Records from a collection
┌──

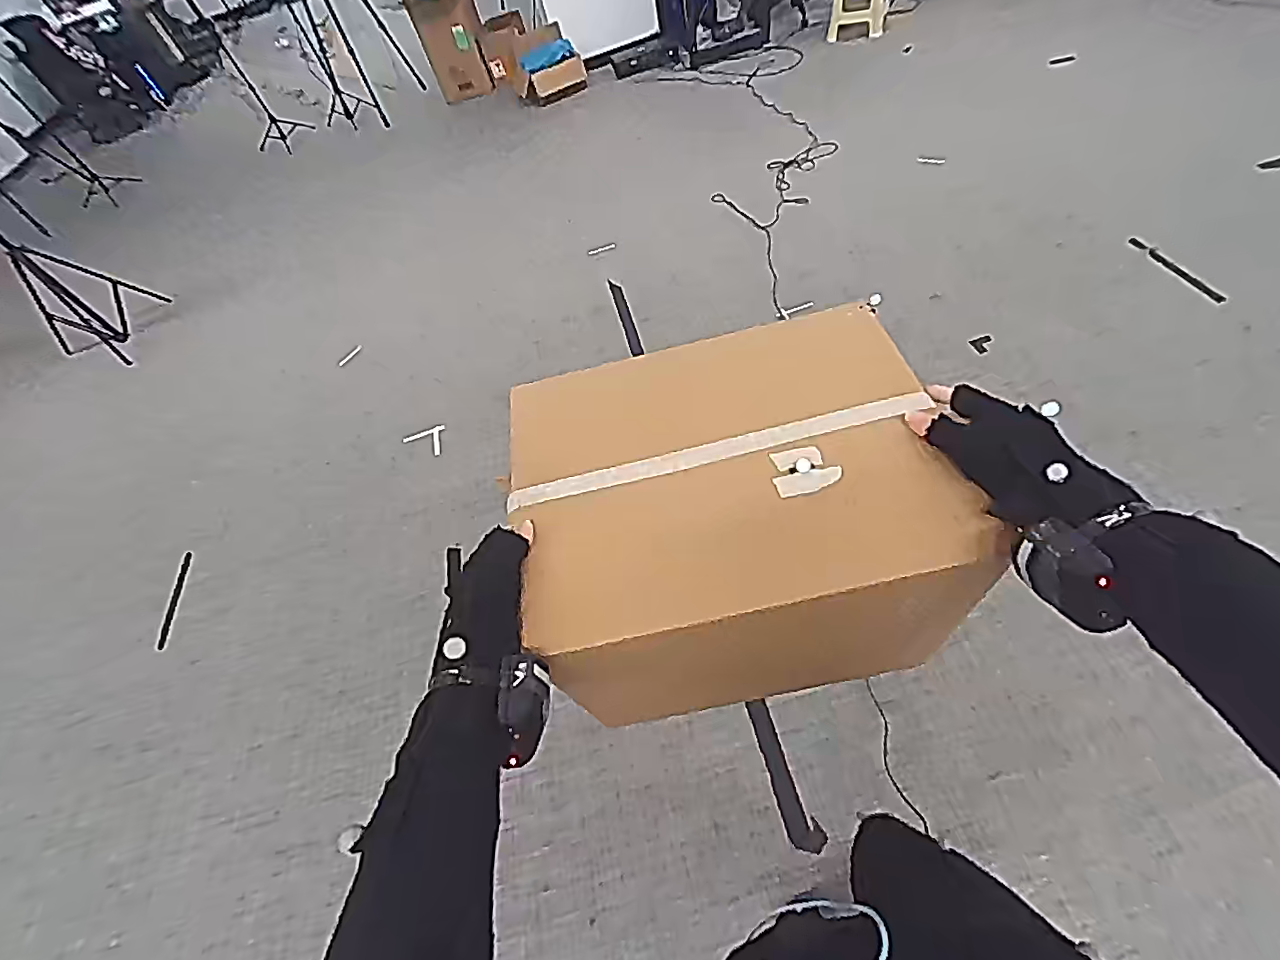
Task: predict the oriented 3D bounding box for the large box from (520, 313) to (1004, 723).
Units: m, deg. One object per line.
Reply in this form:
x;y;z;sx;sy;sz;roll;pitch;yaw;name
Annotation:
0.103;0.062;0.648;0.408;0.320;0.320;-13;55;2;large box

└──

Work to be completed
Each entry is to be given again exactly as it stands, with its pictures removed.

Task solution
Task: predict the oriented 3D bounding box for the large box from (520, 313) to (1004, 723).
Units: m, deg. One object per line.
Reply in this form:
x;y;z;sx;sy;sz;roll;pitch;yaw;name
Annotation:
0.103;0.062;0.648;0.408;0.320;0.320;-13;55;2;large box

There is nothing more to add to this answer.